What makes a trigger point sore?

Although their true nature is uncertain, the usual story is that a trigger point is a small patch of tightly contracted muscle, a micro-cramp of a tiny patch of muscle tissue (as opposed to a whole-muscle spasm like a “charlie horse”15). And the story goes on: that small patch of muscle chokes off its own blood supply, which irritates it even more, a vicious cycle dubbed a “metabolic crisis.” This swampy metabolic situation is why I sometimes think of it as sick muscle syndrome.

But that could be wrong. A couple major competing ideas are that it’s a more purely sensory disturbance, or the pain of slightly irritated peripheral nerves, a type of peripheral neuropathy.

Trigger points aren’t just sensitive to pressure; they are also associated with aching and stiffness that spreads out around the TrP, even when you aren’t poking it. The TrP may be in the center of the aching, like the yolk of an egg, or the aching may spread surprisingly far away (via the mechanism of referred pain, another major sub-topic for later). It’s this aching that really puts the “syndrome” in myofascial pain syndrome…

Growing a crop of trigger points

A few minor trigger points here and there is a common annoyance, but a bunch of bad ones is myofascial pain syndrome ( MPS ), and it can be disabling. TrPs are to MPS as pimples are to a serious acne problem.
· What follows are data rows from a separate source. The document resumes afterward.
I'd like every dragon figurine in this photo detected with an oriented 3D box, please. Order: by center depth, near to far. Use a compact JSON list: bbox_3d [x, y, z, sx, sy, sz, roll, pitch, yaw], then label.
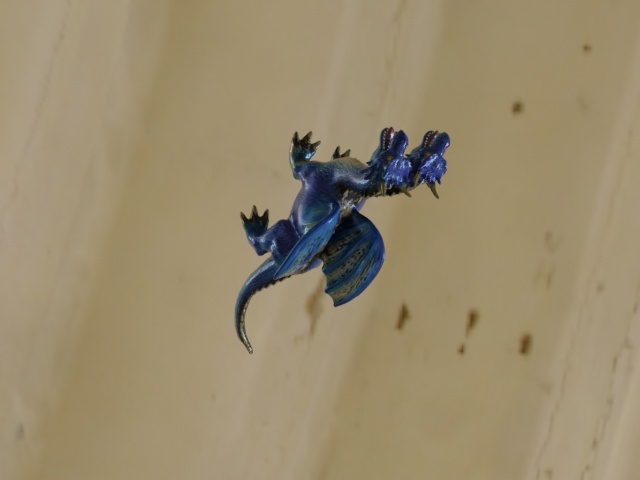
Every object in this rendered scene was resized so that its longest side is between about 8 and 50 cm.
[{"bbox_3d":[0.000,0.000,1.492,0.085,0.289,0.144,25,-164,-33],"label":"dragon figurine"}]
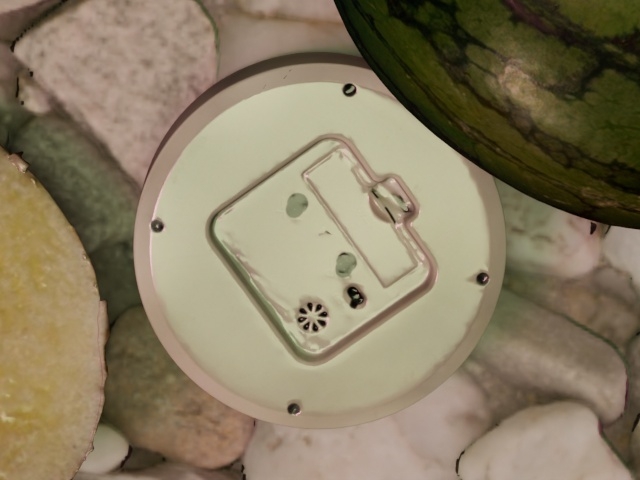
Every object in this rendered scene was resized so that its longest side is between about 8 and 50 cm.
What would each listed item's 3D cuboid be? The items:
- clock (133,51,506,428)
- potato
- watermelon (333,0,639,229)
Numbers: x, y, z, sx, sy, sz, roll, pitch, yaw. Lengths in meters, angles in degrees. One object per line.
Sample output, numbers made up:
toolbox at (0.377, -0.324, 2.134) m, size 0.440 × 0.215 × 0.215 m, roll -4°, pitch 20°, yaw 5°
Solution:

The more severe trigger points, the more extensive and severe the associated aching and stiffness. There are many other possible causes of unexplained pain, but trigger points are an interesting piece of the puzzle for many people, and knowing about them offers some potential for relief.

This is a fairly detailed summary, but we’re really still just getting started.

A humourous graphical definition/translation of the jargon myofascial pain syndrome.

Quick checklist: classic trigger point symptoms

Although there are many causes of pain, confirming a trigger point diagnosis is simple enough for most people, most of the time. Check all that apply — if you have more than half of these, and no other apparent explanation for your pain, you probably have a trigger point or two.

Some symptoms that point away from trigger points: numbness, tingling, very sharp pain, joint pain, pain movement, abdominal pain, diffuse soreness or a widespread feeling of “fragility,” and malaise. But trigger points can and do co-exist with any other kind of painful problem.

We will go into even greater detail about symptoms below, because none of these items here are absolute, and the rules especially change for severe cases. For instance, no average trigger point will cause intense pain strongly linked to a specific movement… but severe ones can do that.

Why muscle pain matters

During a minor cyst removal from my chest many years ago, a potent stab of hot pain made me jump under the knife. “Very sorry,” the surgeon said. “I slipped and poked your pectoralis major with my scalpel, and only the superficial tissue is anaesthetized. Don’t worry, it won’t happen again.” And it didn’t. But I had learned a useful lesson: muscle tissue is sensitive stuff!17

Muscle pain matters. Aches and pains are an extremely common medical complaint,18 and trigger points seem to be a factor in many of them.1920 They are involved in headaches (including migraines),2122 neck pain and low back pain, and (much) more. What makes trigger points clinically important — and fascinating — is their triple threat. They can:

  1. cause pain problems,
  2. complicate pain problems, and
  3. mimic other pain problems.

Muscle just hurts sometimes. Trigger points can cause pain directly. Trigger points are a “natural” part of muscle tissue.23 Just as almost everyone gets some pimples, sooner or later almost everyone gets muscle knots — and then you have some pain with no other explanation or issue.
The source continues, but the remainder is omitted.